Coating bullets with HBN has been resumed at the Duncan, Oklahoma White House. Naked bullets are degreased in the thin Tumbler as before. Steel shot is not used in the thick Tumbler to apply the HBN coating. Degreased bullets are put in a plastic Ovaltine jar with a closed lid along with a small amount of HBN powder. The plastic jar is an almost perfect fit across the flats of the thick Tumbler. Tumbling of a couple of hours gives a good coating. Massaging in a sock removes excess HBN powder and polishes the coating. The HBN coating procedure is a lot less messy than coating with Moly.

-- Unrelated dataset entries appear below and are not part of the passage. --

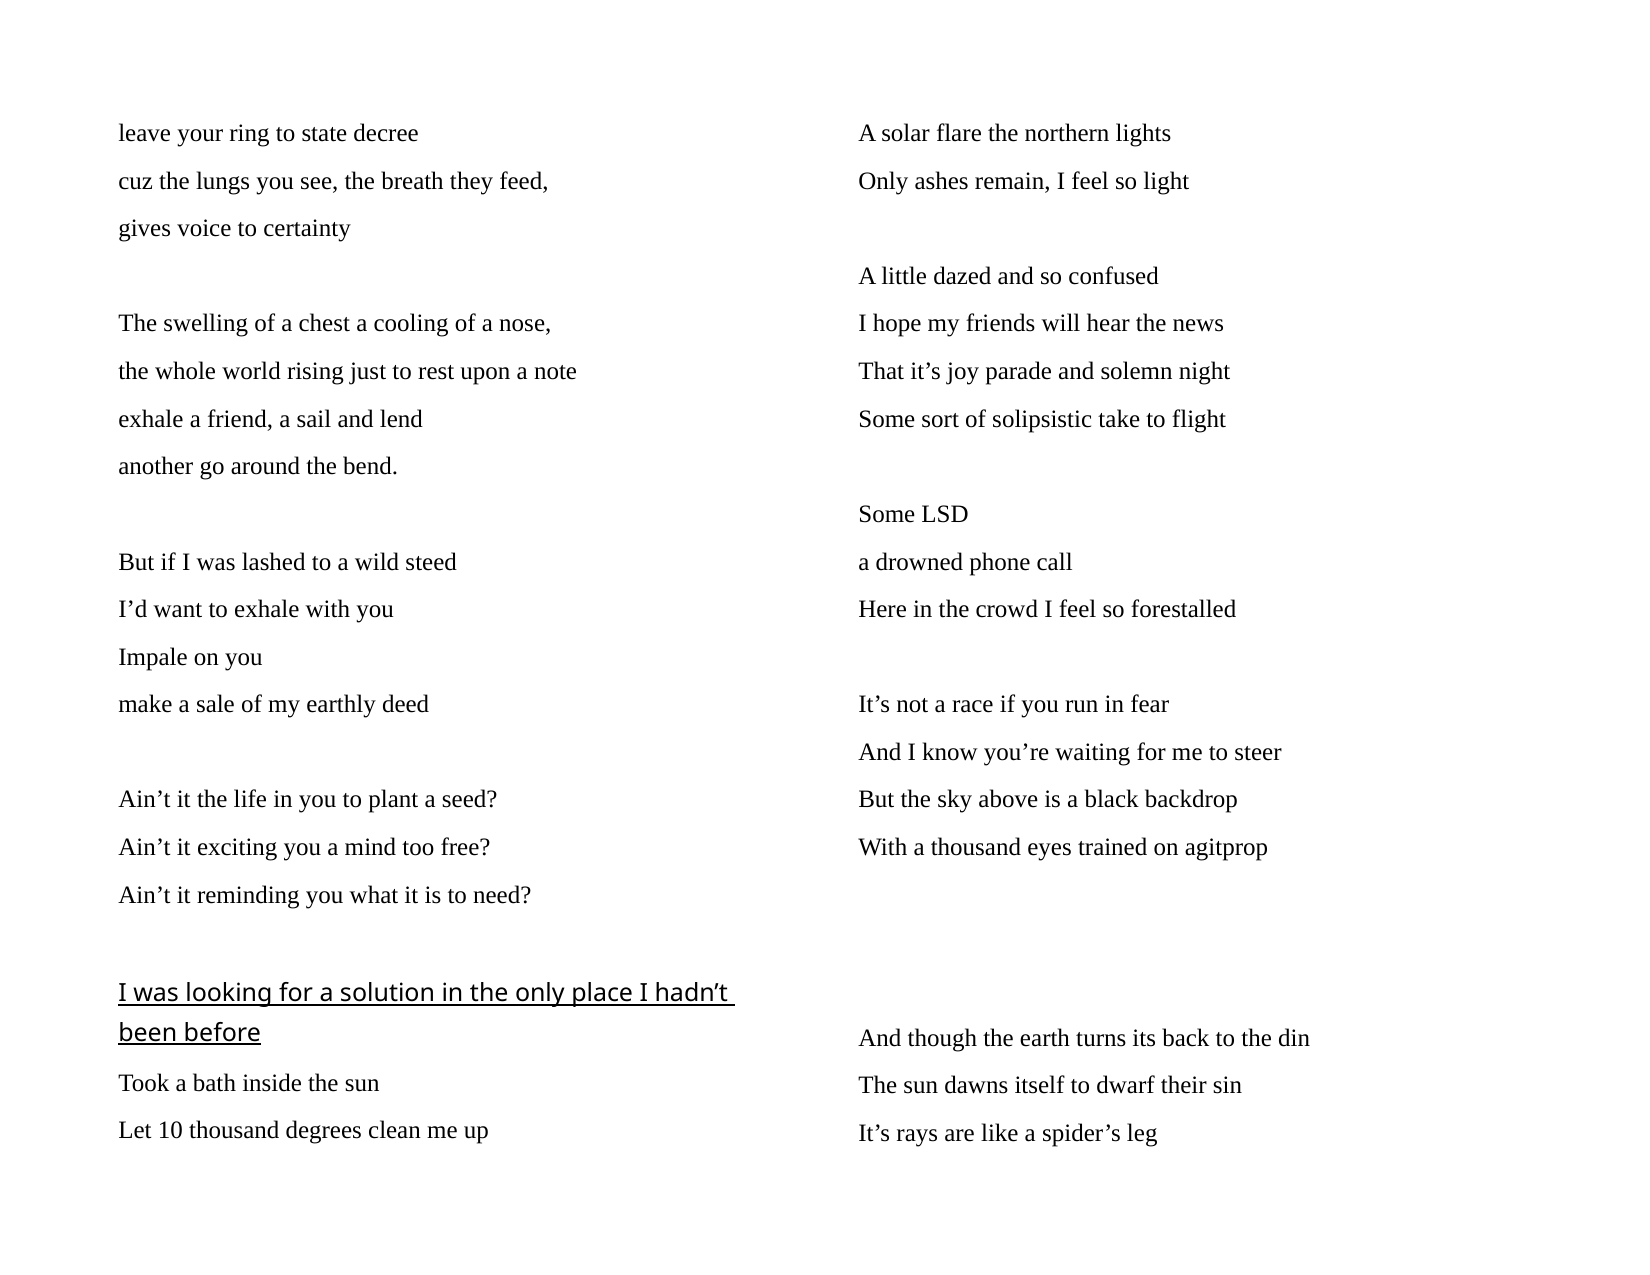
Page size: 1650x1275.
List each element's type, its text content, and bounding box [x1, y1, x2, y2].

text Ain’t it reminding you what it is to need? [118, 880, 792, 908]
text Here in the crowd I feel so forestalled [858, 594, 1532, 623]
text And I know you’re waiting for me to steer [858, 737, 1532, 766]
text But if I was lashed to a wild steed [118, 547, 792, 575]
text But the sky above is a black backdrop [858, 784, 1532, 813]
text Ain’t it exciting you a mind too free? [118, 832, 792, 861]
text Some sort of solipsistic take to flight [858, 404, 1532, 432]
text make a sale of my earthly deed [118, 689, 792, 718]
text With a thousand eyes trained on agitprop [858, 832, 1532, 861]
text a drowned phone call [858, 547, 1532, 575]
text I was looking for a solution in the only place I hadn’t been before [118, 975, 792, 1048]
text gives voice to certainty [118, 213, 792, 242]
text I’d want to exhale with you [118, 594, 792, 623]
text another go around the bend. [118, 451, 792, 480]
text A solar flare the northern lights [858, 118, 1532, 147]
text The sun dawns itself to dwarf their sin [858, 1070, 1532, 1099]
text Took a bath inside the sun [118, 1068, 792, 1097]
text leave your ring to state decree [118, 118, 792, 147]
text That it’s joy parade and solemn night [858, 356, 1532, 385]
text It’s rays are like a spider’s leg [858, 1118, 1532, 1147]
text And though the earth turns its back to the din [858, 1023, 1532, 1051]
text Some LSD [858, 499, 1532, 528]
text It’s not a race if you run in fear [858, 689, 1532, 718]
text The swelling of a chest a cooling of a nose, [118, 308, 792, 337]
text the whole world rising just to rest upon a note [118, 356, 792, 385]
text Ain’t it the life in you to plant a seed? [118, 784, 792, 813]
text Only ashes remain, I feel so light [858, 166, 1532, 194]
text A little dazed and so confused [858, 261, 1532, 290]
text I hope my friends will hear the news [858, 308, 1532, 337]
text Impale on you [118, 642, 792, 671]
text exhale a friend, a sail and lend [118, 404, 792, 432]
text Let 10 thousand degrees clean me up [118, 1116, 792, 1144]
text cuz the lungs you see, the breath they feed, [118, 166, 792, 194]
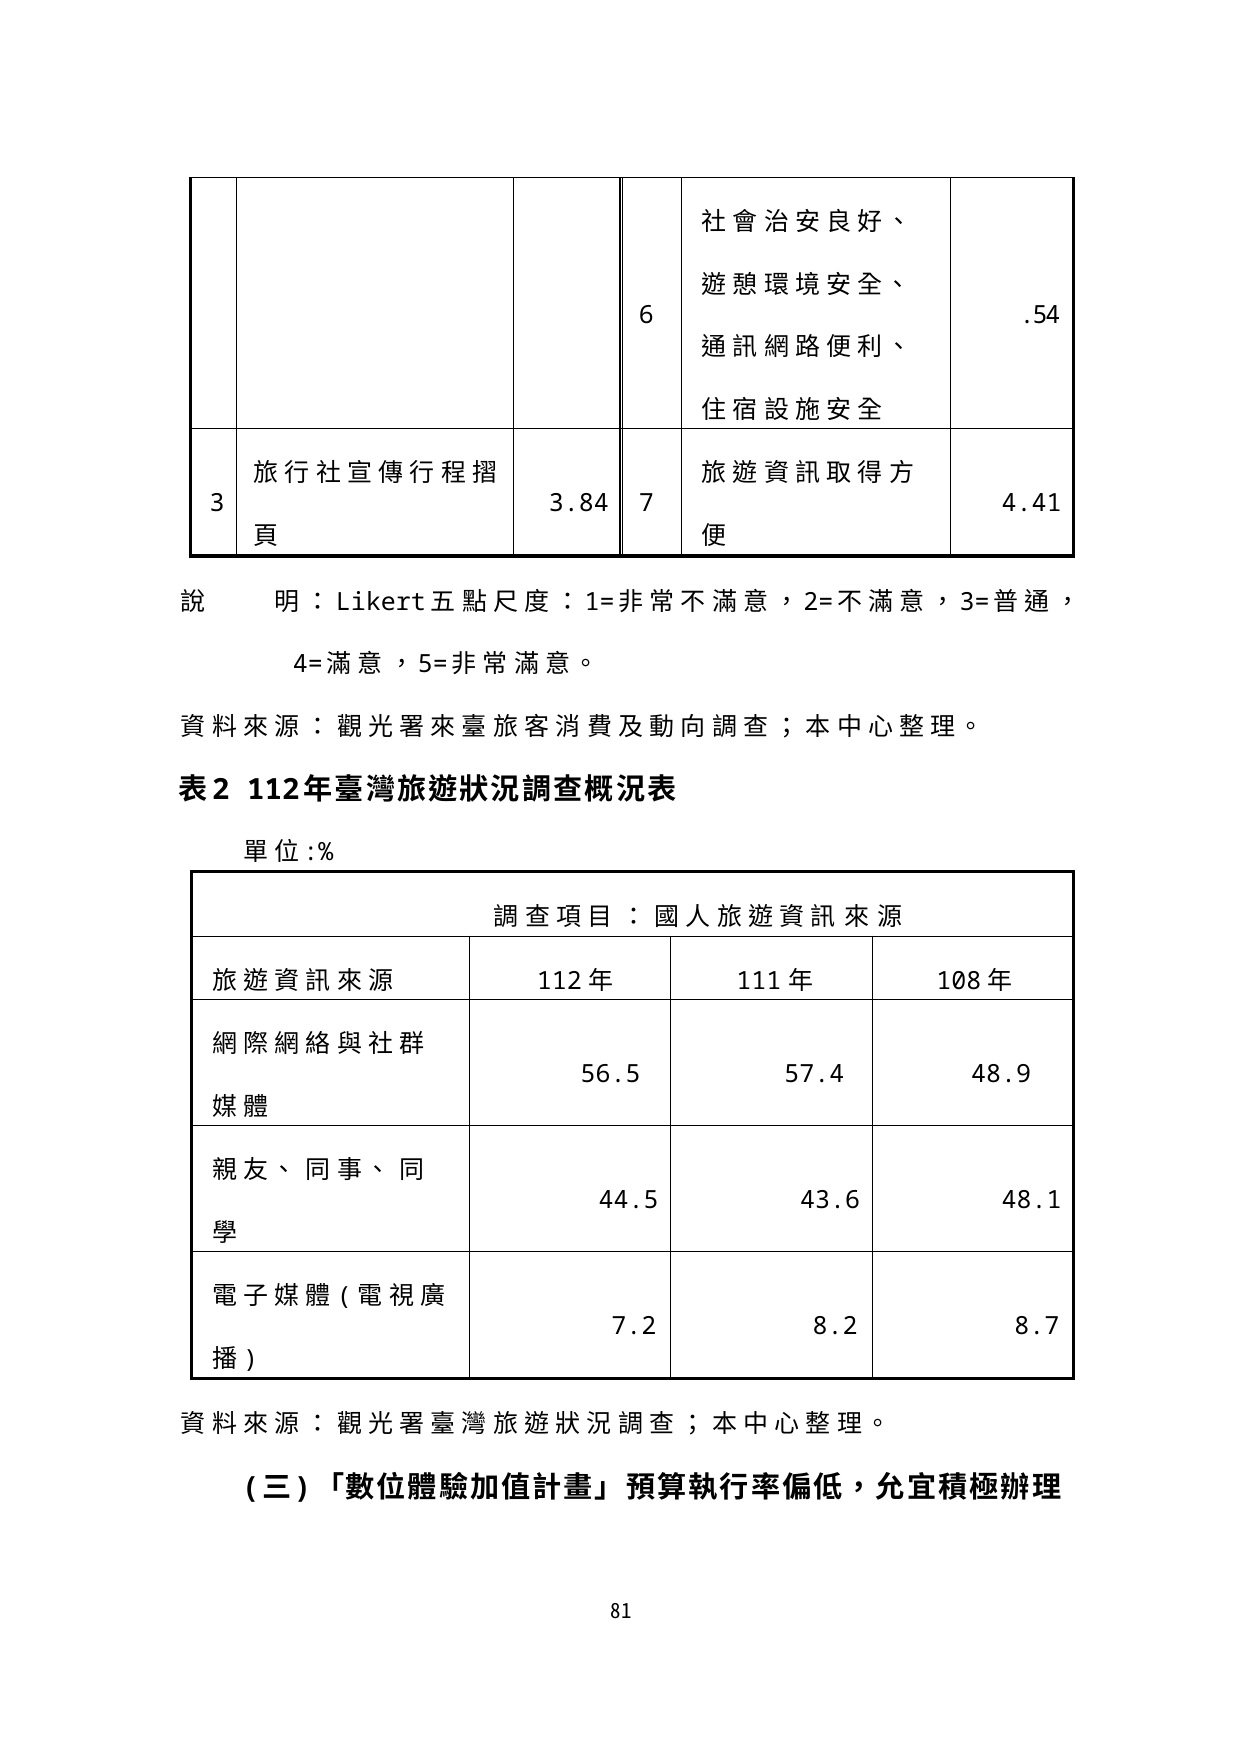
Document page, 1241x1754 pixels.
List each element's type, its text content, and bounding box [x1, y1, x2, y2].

table_cell 111年 [671, 937, 872, 999]
table_cell 7 [623, 429, 681, 554]
table_cell [514, 178, 619, 428]
text 表2 112年臺灣旅遊狀況調查概況表 單位:% [177, 745, 1063, 870]
table_cell 108年 [873, 937, 1072, 999]
text 資料來源：觀光署臺灣旅遊狀況調查；本中心整理。 [177, 1380, 1063, 1443]
table_cell 旅遊資訊取得方便 [682, 429, 950, 554]
table_cell 56.5 [470, 1000, 670, 1125]
table_cell 4.41 [951, 429, 1072, 554]
table_header 調查項目：國人旅遊資訊來源 [193, 873, 1072, 936]
table_cell 112年 [470, 937, 670, 999]
table_cell 親友、同事、同學 [193, 1126, 469, 1251]
text (三)「數位體驗加值計畫」預算執行率偏低，允宜積極辦理 [236, 1443, 1063, 1505]
table_cell 7.2 [470, 1252, 670, 1377]
table_cell 57.4 [671, 1000, 872, 1125]
table_cell 8.2 [671, 1252, 872, 1377]
table_cell [237, 178, 513, 428]
text 說 明：Likert五點尺度：1=非常不滿意，2=不滿意，3=普通，4=滿意，5=非常滿意。 [177, 557, 1063, 682]
table_cell 8.7 [873, 1252, 1072, 1377]
table_cell .54 [951, 178, 1072, 428]
table_cell 3 [192, 429, 236, 554]
table_cell 網際網絡與社群媒體 [193, 1000, 469, 1125]
table_cell 44.5 [470, 1126, 670, 1251]
text 資料來源：觀光署來臺旅客消費及動向調查；本中心整理。 [177, 682, 1063, 745]
table_cell 3.84 [514, 429, 619, 554]
table_cell [192, 178, 236, 428]
table_cell 社會治安良好、遊憩環境安全、通訊網路便利、住宿設施安全 [682, 178, 950, 428]
table_cell 旅遊資訊來源 [193, 937, 469, 999]
table_cell 48.1 [873, 1126, 1072, 1251]
table_cell 電子媒體(電視廣播) [193, 1252, 469, 1377]
table_cell 旅行社宣傳行程摺頁 [237, 429, 513, 554]
table_cell 6 [623, 178, 681, 428]
table_cell 43.6 [671, 1126, 872, 1251]
table_cell 48.9 [873, 1000, 1072, 1125]

It’s probably feasible to partially fill the space inside the thick Tumbler not occupied by the Ovaltine jar, with Lyman Media, and degrease some bullets while coating others.

Bullets that had previously been Molycoated have had that coating removed in the thin degreasing Tumbler and the newly naked bullets coated with HBN. Molycoated bullets have been pulled from loaded ammo and the bullets recoated with HBN. There seems to be no difference in the coatings of new bullets and recoated bullets.

One of the benefits of coated bullets is that a bullet positioned slightly off alignment with the start of the rifling will more easily tend to align itself with the bore when fired. The nose of a bullet aligned with the center of the bore does not follow a helical path up the barrel and is more accurate. Maybe coating bullets does enhance accuracy.

My son, the chemist, has said that the crystalline structures of Moly and HBN are similar, if not identical. That structure is what makes the coatings slippery.

As to the “slipperiness” of coated bullets? A loaded cartridge with a Molycoated bullet can easily be picked up with the thumb and trigger finger grasping the ogive of the bullet. With a bullet coated with HBN this is very difficult to do.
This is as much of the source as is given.